WORK REQUIRED: Scan the data for "track" and copy each matching line.

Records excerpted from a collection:
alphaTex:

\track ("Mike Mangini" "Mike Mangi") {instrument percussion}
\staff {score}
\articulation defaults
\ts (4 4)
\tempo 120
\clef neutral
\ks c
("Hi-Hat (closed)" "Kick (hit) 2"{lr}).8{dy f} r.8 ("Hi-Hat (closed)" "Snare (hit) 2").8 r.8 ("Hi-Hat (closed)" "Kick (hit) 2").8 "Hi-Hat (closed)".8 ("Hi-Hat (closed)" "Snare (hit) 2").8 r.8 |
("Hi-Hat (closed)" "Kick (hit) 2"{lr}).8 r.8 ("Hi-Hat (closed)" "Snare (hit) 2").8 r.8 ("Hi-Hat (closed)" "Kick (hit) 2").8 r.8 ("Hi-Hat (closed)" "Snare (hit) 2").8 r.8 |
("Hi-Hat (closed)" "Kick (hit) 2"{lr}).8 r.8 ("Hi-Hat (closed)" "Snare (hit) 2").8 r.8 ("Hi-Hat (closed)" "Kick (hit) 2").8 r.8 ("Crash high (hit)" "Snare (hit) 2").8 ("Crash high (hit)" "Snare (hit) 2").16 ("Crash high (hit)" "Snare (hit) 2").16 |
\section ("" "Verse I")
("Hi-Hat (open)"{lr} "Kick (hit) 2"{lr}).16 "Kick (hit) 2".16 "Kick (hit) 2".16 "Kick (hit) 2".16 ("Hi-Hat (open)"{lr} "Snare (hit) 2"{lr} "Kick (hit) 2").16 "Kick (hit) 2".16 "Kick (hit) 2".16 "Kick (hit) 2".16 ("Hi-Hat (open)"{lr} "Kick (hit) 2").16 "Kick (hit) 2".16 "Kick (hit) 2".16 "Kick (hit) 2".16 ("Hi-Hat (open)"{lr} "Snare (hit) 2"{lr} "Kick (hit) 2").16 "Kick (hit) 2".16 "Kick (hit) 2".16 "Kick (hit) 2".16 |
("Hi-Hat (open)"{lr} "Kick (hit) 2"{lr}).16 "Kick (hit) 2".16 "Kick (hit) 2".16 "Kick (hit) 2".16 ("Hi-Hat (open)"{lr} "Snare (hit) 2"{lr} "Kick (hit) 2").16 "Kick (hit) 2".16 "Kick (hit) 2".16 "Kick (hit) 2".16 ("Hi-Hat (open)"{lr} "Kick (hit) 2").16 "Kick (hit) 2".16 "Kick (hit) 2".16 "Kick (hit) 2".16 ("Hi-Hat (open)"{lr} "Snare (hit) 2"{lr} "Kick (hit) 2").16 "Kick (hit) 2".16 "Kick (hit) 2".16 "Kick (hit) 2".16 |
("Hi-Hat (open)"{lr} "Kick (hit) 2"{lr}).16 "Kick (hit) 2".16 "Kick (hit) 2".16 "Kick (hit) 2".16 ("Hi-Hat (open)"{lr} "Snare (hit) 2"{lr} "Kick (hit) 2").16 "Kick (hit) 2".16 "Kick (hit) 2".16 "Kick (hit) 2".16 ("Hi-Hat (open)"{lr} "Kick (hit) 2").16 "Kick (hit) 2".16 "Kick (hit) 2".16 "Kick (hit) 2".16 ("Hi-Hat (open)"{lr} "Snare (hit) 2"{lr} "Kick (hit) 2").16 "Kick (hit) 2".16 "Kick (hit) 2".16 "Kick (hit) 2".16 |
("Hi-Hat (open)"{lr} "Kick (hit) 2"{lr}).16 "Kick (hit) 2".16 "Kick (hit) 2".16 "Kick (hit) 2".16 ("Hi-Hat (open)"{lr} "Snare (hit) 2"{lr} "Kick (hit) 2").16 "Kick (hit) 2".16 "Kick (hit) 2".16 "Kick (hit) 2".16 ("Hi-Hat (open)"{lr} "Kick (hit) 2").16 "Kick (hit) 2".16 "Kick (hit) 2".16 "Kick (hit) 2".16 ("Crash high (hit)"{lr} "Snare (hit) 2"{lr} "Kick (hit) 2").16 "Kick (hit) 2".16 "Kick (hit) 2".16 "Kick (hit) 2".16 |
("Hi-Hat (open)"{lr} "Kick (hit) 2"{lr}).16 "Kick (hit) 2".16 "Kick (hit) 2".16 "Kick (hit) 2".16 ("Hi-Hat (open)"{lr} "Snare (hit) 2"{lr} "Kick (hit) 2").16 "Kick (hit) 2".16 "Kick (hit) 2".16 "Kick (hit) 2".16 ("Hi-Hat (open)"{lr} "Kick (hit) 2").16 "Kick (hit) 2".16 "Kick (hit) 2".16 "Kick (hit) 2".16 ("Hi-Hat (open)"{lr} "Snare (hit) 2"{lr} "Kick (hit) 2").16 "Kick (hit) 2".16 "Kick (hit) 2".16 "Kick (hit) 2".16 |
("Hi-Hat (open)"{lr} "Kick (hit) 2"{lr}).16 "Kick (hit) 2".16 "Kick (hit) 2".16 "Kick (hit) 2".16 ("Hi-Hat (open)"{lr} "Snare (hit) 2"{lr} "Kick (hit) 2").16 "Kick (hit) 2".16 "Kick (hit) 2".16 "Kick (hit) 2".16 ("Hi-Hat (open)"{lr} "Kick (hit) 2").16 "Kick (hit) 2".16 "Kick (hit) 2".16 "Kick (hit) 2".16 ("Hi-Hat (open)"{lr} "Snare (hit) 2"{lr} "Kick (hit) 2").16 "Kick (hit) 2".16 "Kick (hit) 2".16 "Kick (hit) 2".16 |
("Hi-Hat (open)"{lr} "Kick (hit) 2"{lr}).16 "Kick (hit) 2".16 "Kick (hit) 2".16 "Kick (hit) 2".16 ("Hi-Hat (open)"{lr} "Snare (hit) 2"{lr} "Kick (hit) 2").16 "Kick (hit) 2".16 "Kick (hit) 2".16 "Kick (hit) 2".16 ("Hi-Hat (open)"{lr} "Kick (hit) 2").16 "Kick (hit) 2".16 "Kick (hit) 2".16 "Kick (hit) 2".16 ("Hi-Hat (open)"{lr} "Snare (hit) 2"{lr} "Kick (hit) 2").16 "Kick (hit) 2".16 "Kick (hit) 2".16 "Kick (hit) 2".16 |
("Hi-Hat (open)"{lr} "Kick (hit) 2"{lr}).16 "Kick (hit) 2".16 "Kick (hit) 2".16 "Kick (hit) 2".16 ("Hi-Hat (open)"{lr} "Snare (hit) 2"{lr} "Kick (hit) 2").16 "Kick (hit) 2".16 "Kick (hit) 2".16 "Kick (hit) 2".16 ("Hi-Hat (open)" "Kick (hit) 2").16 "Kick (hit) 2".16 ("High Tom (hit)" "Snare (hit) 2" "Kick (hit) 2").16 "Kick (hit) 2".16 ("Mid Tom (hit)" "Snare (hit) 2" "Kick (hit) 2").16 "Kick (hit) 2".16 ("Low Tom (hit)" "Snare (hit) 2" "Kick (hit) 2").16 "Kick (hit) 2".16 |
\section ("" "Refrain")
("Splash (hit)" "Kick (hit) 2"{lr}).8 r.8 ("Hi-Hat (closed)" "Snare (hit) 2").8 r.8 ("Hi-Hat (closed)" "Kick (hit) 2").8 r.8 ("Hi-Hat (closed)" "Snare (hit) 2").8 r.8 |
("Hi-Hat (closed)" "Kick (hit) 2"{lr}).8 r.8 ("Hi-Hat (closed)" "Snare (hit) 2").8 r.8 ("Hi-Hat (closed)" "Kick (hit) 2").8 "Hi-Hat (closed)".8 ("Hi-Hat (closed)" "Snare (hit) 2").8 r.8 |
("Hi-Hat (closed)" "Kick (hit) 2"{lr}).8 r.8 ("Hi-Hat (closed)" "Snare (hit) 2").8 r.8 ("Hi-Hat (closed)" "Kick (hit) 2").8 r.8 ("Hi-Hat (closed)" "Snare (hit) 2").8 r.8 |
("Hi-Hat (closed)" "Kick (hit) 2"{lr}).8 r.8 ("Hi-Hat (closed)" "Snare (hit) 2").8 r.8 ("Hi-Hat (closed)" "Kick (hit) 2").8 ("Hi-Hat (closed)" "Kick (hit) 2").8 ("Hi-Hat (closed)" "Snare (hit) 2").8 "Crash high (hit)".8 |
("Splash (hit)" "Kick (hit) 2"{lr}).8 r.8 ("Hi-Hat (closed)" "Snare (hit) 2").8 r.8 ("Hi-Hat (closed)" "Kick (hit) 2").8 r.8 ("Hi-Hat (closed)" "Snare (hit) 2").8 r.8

...

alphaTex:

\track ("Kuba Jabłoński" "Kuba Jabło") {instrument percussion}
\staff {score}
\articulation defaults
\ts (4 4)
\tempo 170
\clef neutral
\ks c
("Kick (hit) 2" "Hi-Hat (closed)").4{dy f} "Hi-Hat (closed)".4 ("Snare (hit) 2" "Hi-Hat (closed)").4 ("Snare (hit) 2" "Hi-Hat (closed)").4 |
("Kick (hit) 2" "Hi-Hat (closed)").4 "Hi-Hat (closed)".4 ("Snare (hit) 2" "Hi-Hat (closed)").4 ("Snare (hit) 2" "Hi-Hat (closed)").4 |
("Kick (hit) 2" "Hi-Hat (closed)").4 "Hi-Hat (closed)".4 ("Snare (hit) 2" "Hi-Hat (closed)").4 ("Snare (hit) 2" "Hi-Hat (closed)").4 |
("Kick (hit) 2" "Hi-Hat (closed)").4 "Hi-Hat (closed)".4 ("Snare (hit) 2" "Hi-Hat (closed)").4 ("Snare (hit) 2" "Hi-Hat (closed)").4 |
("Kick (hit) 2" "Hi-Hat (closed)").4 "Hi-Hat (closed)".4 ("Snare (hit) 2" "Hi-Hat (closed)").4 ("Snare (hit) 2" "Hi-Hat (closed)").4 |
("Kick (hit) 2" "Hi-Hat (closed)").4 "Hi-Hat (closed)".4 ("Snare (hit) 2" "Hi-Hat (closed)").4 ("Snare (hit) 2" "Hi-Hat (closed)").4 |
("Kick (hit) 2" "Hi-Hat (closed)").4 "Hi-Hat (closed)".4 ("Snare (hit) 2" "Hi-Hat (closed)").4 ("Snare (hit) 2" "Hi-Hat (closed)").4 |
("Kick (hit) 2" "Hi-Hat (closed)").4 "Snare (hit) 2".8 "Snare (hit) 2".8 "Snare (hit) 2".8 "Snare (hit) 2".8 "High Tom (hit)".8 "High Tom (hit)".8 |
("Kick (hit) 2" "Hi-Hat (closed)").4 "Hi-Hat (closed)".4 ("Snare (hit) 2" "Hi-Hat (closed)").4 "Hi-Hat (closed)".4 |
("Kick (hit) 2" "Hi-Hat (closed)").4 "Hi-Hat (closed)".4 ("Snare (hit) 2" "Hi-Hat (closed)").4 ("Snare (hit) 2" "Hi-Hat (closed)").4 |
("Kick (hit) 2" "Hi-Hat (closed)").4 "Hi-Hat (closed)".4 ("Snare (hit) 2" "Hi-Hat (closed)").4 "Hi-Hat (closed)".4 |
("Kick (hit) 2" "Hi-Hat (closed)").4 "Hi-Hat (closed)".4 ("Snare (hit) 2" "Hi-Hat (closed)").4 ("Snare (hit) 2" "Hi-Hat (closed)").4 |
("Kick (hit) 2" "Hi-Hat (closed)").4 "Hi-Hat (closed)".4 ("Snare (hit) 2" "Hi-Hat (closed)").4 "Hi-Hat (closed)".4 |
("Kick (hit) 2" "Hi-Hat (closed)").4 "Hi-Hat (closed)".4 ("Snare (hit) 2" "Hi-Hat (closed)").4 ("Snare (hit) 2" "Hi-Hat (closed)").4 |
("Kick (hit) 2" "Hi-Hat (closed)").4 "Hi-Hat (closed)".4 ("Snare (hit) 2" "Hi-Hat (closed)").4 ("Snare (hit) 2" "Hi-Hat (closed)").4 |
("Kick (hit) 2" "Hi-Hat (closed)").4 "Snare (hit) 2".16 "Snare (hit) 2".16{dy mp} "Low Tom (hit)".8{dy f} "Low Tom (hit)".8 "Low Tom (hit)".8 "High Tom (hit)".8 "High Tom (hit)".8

PROBLEM SOLUTION:
\track ("Mike Mangini" "Mike Mangi") {instrument percussion}
\track ("Kuba Jabłoński" "Kuba Jabło") {instrument percussion}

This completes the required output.